I gave it the preliminary spin, And poured on water (tears it might have been); And when it almost gayly jumped and flowed, A Father-Time-like man got on and rode, Armed with a scythe and spectacles that glowed. He turned on will-power to increase the load And slow me down—and I abruptly slowed, Like coming to a sudden railroad station. I changed from hand to hand in desperation. I wondered what machine of ages gone This represented an improvement on. For all I knew it may have sharpened spears And arrowheads itself. Much use for years Had gradually worn it an oblate Spheroid that kicked and struggled in its gait, Appearing to return me hate for hate; (But I forgive it now as easily As any other boyhood enemy Whose pride has failed to get him anywhere). I wondered who it was the man thought ground-- The one who held the wheel back or the one Who gave his life to keep it going round? I wondered if he really thought it fair For him to have the say when we were done. Such were the bitter thoughts to which I turned.

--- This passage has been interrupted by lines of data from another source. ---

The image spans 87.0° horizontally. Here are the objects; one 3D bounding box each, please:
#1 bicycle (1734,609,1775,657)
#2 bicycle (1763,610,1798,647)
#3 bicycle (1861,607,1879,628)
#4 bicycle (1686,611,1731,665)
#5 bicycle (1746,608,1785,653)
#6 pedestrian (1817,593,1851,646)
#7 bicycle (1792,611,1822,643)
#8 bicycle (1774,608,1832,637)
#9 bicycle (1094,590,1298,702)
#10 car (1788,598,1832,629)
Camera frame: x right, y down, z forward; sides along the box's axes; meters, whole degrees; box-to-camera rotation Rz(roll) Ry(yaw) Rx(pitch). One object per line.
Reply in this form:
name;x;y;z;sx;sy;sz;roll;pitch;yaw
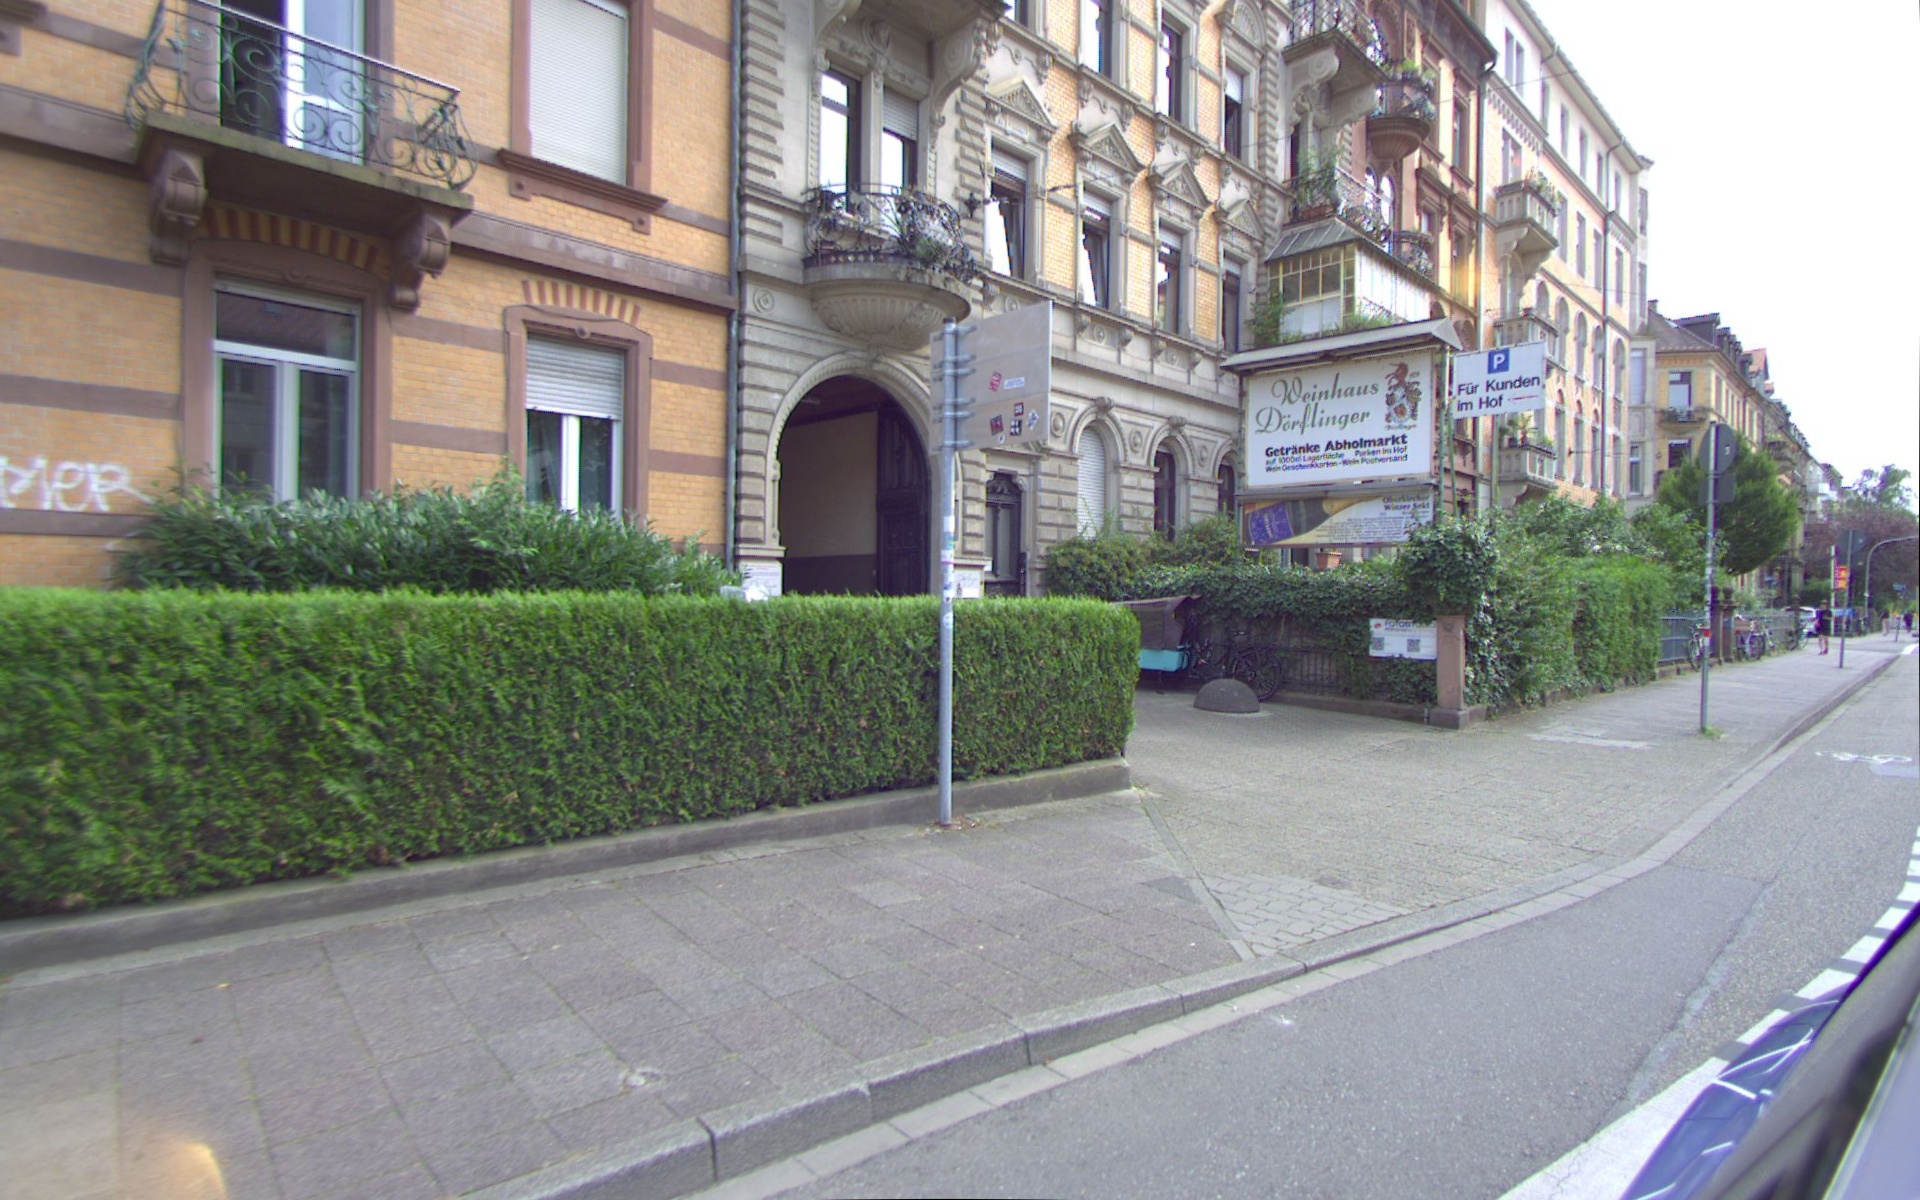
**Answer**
bicycle;20.188;0.820;25.699;0.579;1.125;1.645;6;4;44
bicycle;24.044;0.831;29.647;0.579;0.994;1.645;6;4;44
bicycle;50.942;0.970;56.652;1.843;1.127;0.629;0;0;-44
bicycle;16.348;0.808;22.090;0.579;1.126;1.645;1;0;44
bicycle;21.554;0.798;27.078;0.579;1.125;1.645;6;4;44
pedestrian;27.527;0.611;31.875;0.821;1.644;0.731;1;0;-45
bicycle;28.200;0.895;33.683;0.579;0.994;1.645;6;4;44
bicycle;34.125;0.892;40.986;1.838;1.127;0.631;1;0;-1
bicycle;3.072;0.549;13.440;2.624;1.328;0.758;1;0;44
car;45.396;0.706;54.102;1.749;1.544;3.942;1;1;40

Not for myself was I so much concerned. Oh no!--although, of course, I could have found A better way to pass the afternoon Than grinding discord out of a grindstone, And beating insects at their gritty tune. Nor was I for the man so much concerned. Once when the grindstone almost jumped its bearing It looked as if he might be badly thrown And wounded on his blade. So far from caring, I laughed inside, and only cranked the faster, (It ran as if it wasn’t greased but glued); I’d welcome any moderate disaster That might be calculated to postpone What evidently nothing could conclude. The thing that made me more and more afraid Was that we’d ground it sharp and hadn’t known, And now were only wasting precious blade. And when he raised it dripping once and tried The creepy edge of it with wary touch, And viewed it over his glasses funny-eyed, Only disinterestedly to decide It needed a turn more, I could have cried Wasn’t there danger of a turn too much? Mightn’t we make it worse instead of better? I was for leaving something to the whetter. What if it wasn’t all it should be? I’d Be satisfied if he’d be satisfied.